The book "Probability, Random Processes, and Statistical Analysis" (written by Hisashi Kobayashi and Brian L. Mark and William Turin), talks about the role of entropy in characterising typical sequences (page 257). It says that in a coin tossing experiment:
When we change the experiment of fair coin tossing to that of an unfair coin that lands on head with probability $β$, then a sequence that contains $nβ$ heads becomes a typical sequence, and the number of such typical sequences approaches $2^{nH(β)}$ for large $n$. Each typical sequence will occur with probability $2^{−nH(β)}$. There are $2^n$ possible distinct sequences.
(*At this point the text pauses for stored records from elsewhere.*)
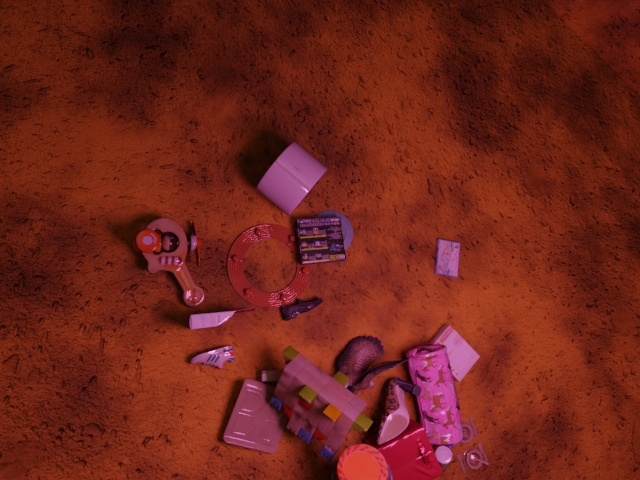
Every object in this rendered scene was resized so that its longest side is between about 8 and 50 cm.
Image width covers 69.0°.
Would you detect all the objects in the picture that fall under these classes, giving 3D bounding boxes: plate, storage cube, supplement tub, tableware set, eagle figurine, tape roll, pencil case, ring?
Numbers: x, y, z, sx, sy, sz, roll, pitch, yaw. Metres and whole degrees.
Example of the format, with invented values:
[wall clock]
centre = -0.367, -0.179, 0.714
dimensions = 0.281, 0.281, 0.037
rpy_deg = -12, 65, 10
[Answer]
[plate]
centre = 0.050, -0.037, 1.935
dimensions = 0.188, 0.024, 0.188
rpy_deg = 3, 78, -15
[storage cube]
centre = 0.301, 0.795, 1.729
dimensions = 0.193, 0.215, 0.183
rpy_deg = -22, 85, -12
[supplement tub]
centre = 0.139, 0.852, 1.588
dimensions = 0.207, 0.338, 0.207
rpy_deg = -1, 39, 1
[tableware set]
centre = 0.605, 0.833, 1.888
dimensions = 0.128, 0.039, 0.194
rpy_deg = -18, 83, -17
[eagle figurine]
centre = 0.169, 0.504, 1.771
dimensions = 0.226, 0.225, 0.298
rpy_deg = 32, 83, 11
[tape roll]
centre = -0.111, -0.240, 1.820
dimensions = 0.169, 0.246, 0.246
rpy_deg = 40, 72, -3
[pencil case]
centre = 0.442, 0.593, 1.810
dimensions = 0.160, 0.167, 0.386
rpy_deg = -11, 90, 28
[ring]
centre = -0.196, 0.096, 1.839
dimensions = 0.337, 0.032, 0.336
rpy_deg = 3, 79, -14

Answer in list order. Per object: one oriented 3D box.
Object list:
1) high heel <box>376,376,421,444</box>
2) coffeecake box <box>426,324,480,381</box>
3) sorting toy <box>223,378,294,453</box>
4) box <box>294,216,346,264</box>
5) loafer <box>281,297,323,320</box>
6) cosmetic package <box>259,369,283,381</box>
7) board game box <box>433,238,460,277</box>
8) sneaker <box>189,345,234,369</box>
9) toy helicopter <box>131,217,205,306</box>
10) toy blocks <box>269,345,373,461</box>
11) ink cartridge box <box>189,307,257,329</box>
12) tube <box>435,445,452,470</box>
[high heel]
centre = 0.255, 0.638, 1.758
dimensions = 0.093, 0.186, 0.261
rpy_deg = 48, 67, -16
[coffeecake box]
centre = 0.542, 0.465, 1.933
dimensions = 0.142, 0.068, 0.185
rpy_deg = -44, 92, -17
[sorting toy]
centre = -0.180, 0.656, 1.715
dimensions = 0.307, 0.041, 0.229
rpy_deg = 23, 80, -19
[box]
centre = 0.000, 0.000, 1.876
dimensions = 0.191, 0.045, 0.184
rpy_deg = -5, 82, -18
[loafer]
centre = -0.072, 0.254, 1.823
dimensions = 0.170, 0.062, 0.061
rpy_deg = -21, 80, -19
[cosmetic package]
centre = -0.167, 0.506, 1.745
dimensions = 0.115, 0.060, 0.041
rpy_deg = 4, 76, -15
[board game box]
centre = 0.554, 0.078, 2.041
dimensions = 0.103, 0.026, 0.154
rpy_deg = 11, 76, -12
[sneaker]
centre = -0.391, 0.439, 1.700
dimensions = 0.161, 0.057, 0.075
rpy_deg = -13, 77, -20
[toy helicopter]
centre = -0.520, 0.078, 1.728
dimensions = 0.235, 0.140, 0.355
rpy_deg = -30, 98, -27
[toy blocks]
centre = -0.025, 0.587, 1.624
dimensions = 0.381, 0.261, 0.191
rpy_deg = 33, 33, 17
[ink cartridge box]
centre = -0.351, 0.284, 1.675
dimensions = 0.232, 0.189, 0.066
rpy_deg = 1, 79, -15
[tube]
centre = 0.467, 0.839, 1.768
dimensions = 0.070, 0.240, 0.062
rpy_deg = -10, 52, 5

The difference $2^n − 2^{nH(β)}$ is the number of nontypical sequences, and the total probability of such sequences becomes negligibly small for sufficiently large $n$.
where $H(\beta)=-\beta \log_2\beta-(1-\beta)\log_2(1-\beta)$.
However if I calculate the probability of a nontypical sequence as number of favourable events over the number of possible events, I have: \begin{equation} P(\mathrm{nontypical})=\frac{2^n − 2^{nH(β)}}{2^n}=1-2^{n(H(β)-1)} \end{equation} which goes to $1$ as $n\to\infty$ since $0\leqslant H(β)\leqslant1$ with the logarithms understood in base $2$.
What's wrong with my calculation? It directly contradicts the Authors and this sounds suspicious :-)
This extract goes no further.